_WHAT THE TASK REQUIRES_
Begin at the first line of the data and copy each line through the one containing "list De vertrouwenspersoon maakt", that line included, with no pictures.

_DATA FOR THE TASK_
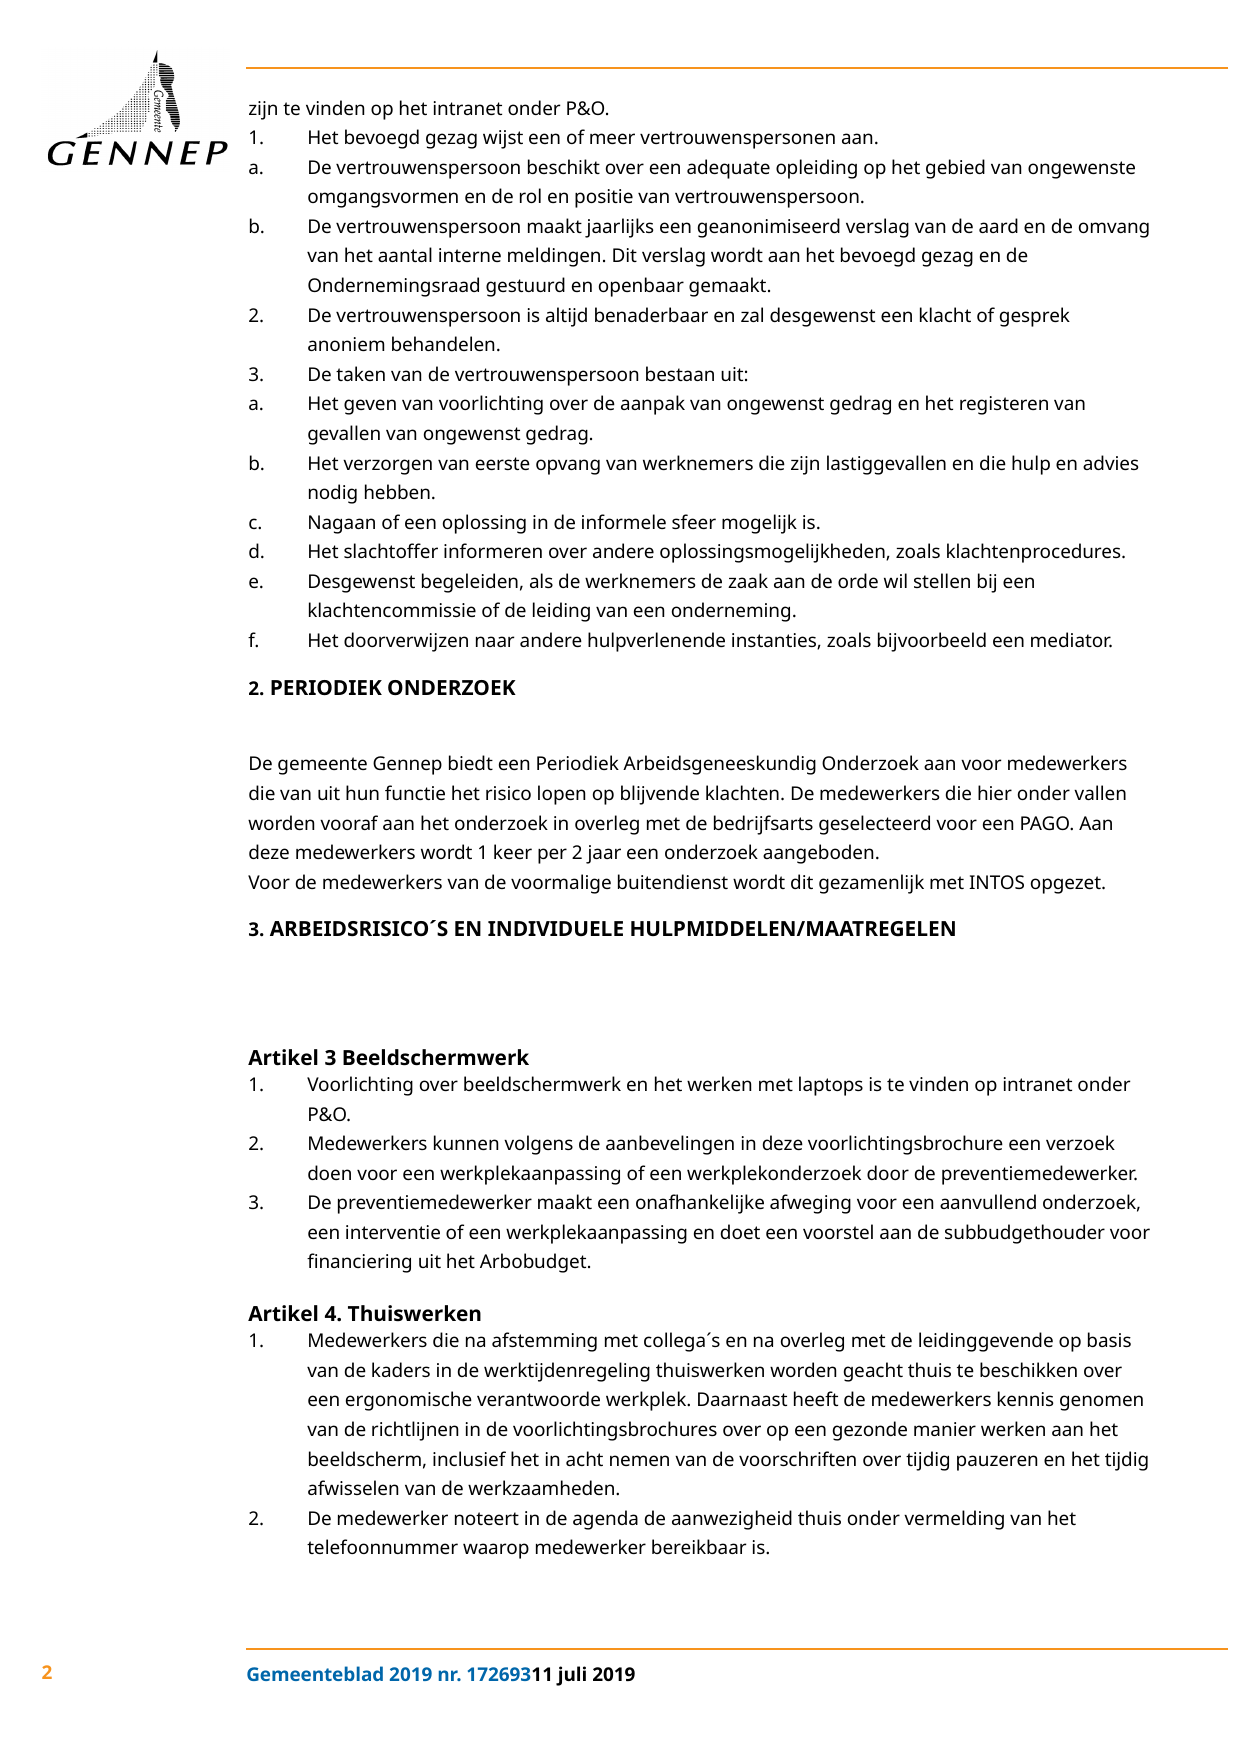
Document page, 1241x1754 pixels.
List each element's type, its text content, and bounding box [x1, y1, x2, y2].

text 2. PERIODIEK ONDERZOEK [248, 673, 1152, 701]
picture [41, 47, 231, 172]
list Desgewenst begeleiden, als de werknemers de zaak aan de orde wil stellen bij een klachtencommissie of de leiding van een onderneming. [248, 568, 1152, 623]
text Artikel 3 Beeldschermwerk [248, 1043, 1152, 1071]
text 3. ARBEIDSRISICO´S EN INDIVIDUELE HULPMIDDELEN/MAATREGELEN [248, 914, 1152, 943]
list De taken van de vertrouwenspersoon bestaan uit: [248, 361, 1152, 387]
list Nagaan of een oplossing in de informele sfeer mogelijk is. [248, 509, 1152, 535]
list Het bevoegd gezag wijst een of meer vertrouwenspersonen aan. [248, 124, 1152, 150]
list Het verzorgen van eerste opvang van werknemers die zijn lastiggevallen en die hulp en advies nodig hebben. [248, 450, 1152, 505]
text Artikel 4. Thuiswerken [248, 1299, 1152, 1327]
list Het doorverwijzen naar andere hulpverlenende instanties, zoals bijvoorbeeld een mediator. [248, 627, 1152, 653]
list De preventiemedewerker maakt een onafhankelijke afweging voor een aanvullend onderzoek, een interventie of een werkplekaanpassing en doet een voorstel aan de subbudgethouder voor financiering uit het Arbobudget. [248, 1189, 1152, 1274]
text Voor de medewerkers van de voormalige buitendienst wordt dit gezamenlijk met INTOS opgezet. [248, 869, 1152, 895]
list Het slachtoffer informeren over andere oplossingsmogelijkheden, zoals klachtenprocedures. [248, 538, 1152, 564]
text zijn te vinden op het intranet onder P&O. [248, 95, 1152, 121]
list Het geven van voorlichting over de aanpak van ongewenst gedrag en het registeren van gevallen van ongewenst gedrag. [248, 391, 1152, 446]
list Voorlichting over beeldschermwerk en het werken met laptops is te vinden op intranet onder P&O. [248, 1071, 1152, 1126]
list De vertrouwenspersoon beschikt over een adequate opleiding op het gebied van ongewenste omgangsvormen en de rol en positie van vertrouwenspersoon. [248, 154, 1152, 209]
list De vertrouwenspersoon maakt jaarlijks een geanonimiseerd verslag van de aard en de omvang van het aantal interne meldingen. Dit verslag wordt aan het bevoegd gezag en de Ondernemingsraad gestuurd en openbaar gemaakt. [248, 213, 1152, 298]
list Medewerkers die na afstemming met collega´s en na overleg met de leidinggevende op basis van de kaders in de werktijdenregeling thuiswerken worden geacht thuis te beschikken over een ergonomische verantwoorde werkplek. Daarnaast heeft de medewerkers kennis genomen van de richtlijnen in de voorlichtingsbrochures over op een gezonde manier werken aan het beeldscherm, inclusief het in acht nemen van de voorschriften over tijdig pauzeren en het tijdig afwisselen van de werkzaamheden. [248, 1327, 1152, 1501]
list De vertrouwenspersoon is altijd benaderbaar en zal desgewenst een klacht of gesprek anoniem behandelen. [248, 302, 1152, 357]
list De medewerker noteert in de agenda de aanwezigheid thuis onder vermelding van het telefoonnummer waarop medewerker bereikbaar is. [248, 1505, 1152, 1560]
text De gemeente Gennep biedt een Periodiek Arbeidsgeneeskundig Onderzoek aan voor medewerkers die van uit hun functie het risico lopen op blijvende klachten. De medewerkers die hier onder vallen worden vooraf aan het onderzoek in overleg met de bedrijfsarts geselecteerd voor een PAGO. Aan deze medewerkers wordt 1 keer per 2 jaar een onderzoek aangeboden. [248, 751, 1152, 865]
list Medewerkers kunnen volgens de aanbevelingen in deze voorlichtingsbrochure een verzoek doen voor een werkplekaanpassing of een werkplekonderzoek door de preventiemedewerker. [248, 1130, 1152, 1186]

_SOLUTION TO THIS EXERCISE_
Document page, 1241x1754 pixels.
List each element's type, its text content, and bounding box [x1, y1, x2, y2].

text 2. PERIODIEK ONDERZOEK [248, 673, 1152, 701]
picture [41, 47, 231, 172]
list Desgewenst begeleiden, als de werknemers de zaak aan de orde wil stellen bij een klachtencommissie of de leiding van een onderneming. [248, 568, 1152, 623]
text Artikel 3 Beeldschermwerk [248, 1043, 1152, 1071]
text 3. ARBEIDSRISICO´S EN INDIVIDUELE HULPMIDDELEN/MAATREGELEN [248, 914, 1152, 943]
list De taken van de vertrouwenspersoon bestaan uit: [248, 361, 1152, 387]
list Nagaan of een oplossing in de informele sfeer mogelijk is. [248, 509, 1152, 535]
list Het bevoegd gezag wijst een of meer vertrouwenspersonen aan. [248, 124, 1152, 150]
list Het verzorgen van eerste opvang van werknemers die zijn lastiggevallen en die hulp en advies nodig hebben. [248, 450, 1152, 505]
text Artikel 4. Thuiswerken [248, 1299, 1152, 1327]
list Het doorverwijzen naar andere hulpverlenende instanties, zoals bijvoorbeeld een mediator. [248, 627, 1152, 653]
list De preventiemedewerker maakt een onafhankelijke afweging voor een aanvullend onderzoek, een interventie of een werkplekaanpassing en doet een voorstel aan de subbudgethouder voor financiering uit het Arbobudget. [248, 1189, 1152, 1274]
text Voor de medewerkers van de voormalige buitendienst wordt dit gezamenlijk met INTOS opgezet. [248, 869, 1152, 895]
list Het slachtoffer informeren over andere oplossingsmogelijkheden, zoals klachtenprocedures. [248, 538, 1152, 564]
text zijn te vinden op het intranet onder P&O. [248, 95, 1152, 121]
list Het geven van voorlichting over de aanpak van ongewenst gedrag en het registeren van gevallen van ongewenst gedrag. [248, 391, 1152, 446]
list Voorlichting over beeldschermwerk en het werken met laptops is te vinden op intranet onder P&O. [248, 1071, 1152, 1126]
list De vertrouwenspersoon beschikt over een adequate opleiding op het gebied van ongewenste omgangsvormen en de rol en positie van vertrouwenspersoon. [248, 154, 1152, 209]
list De vertrouwenspersoon maakt jaarlijks een geanonimiseerd verslag van de aard en de omvang van het aantal interne meldingen. Dit verslag wordt aan het bevoegd gezag en de Ondernemingsraad gestuurd en openbaar gemaakt. [248, 213, 1152, 298]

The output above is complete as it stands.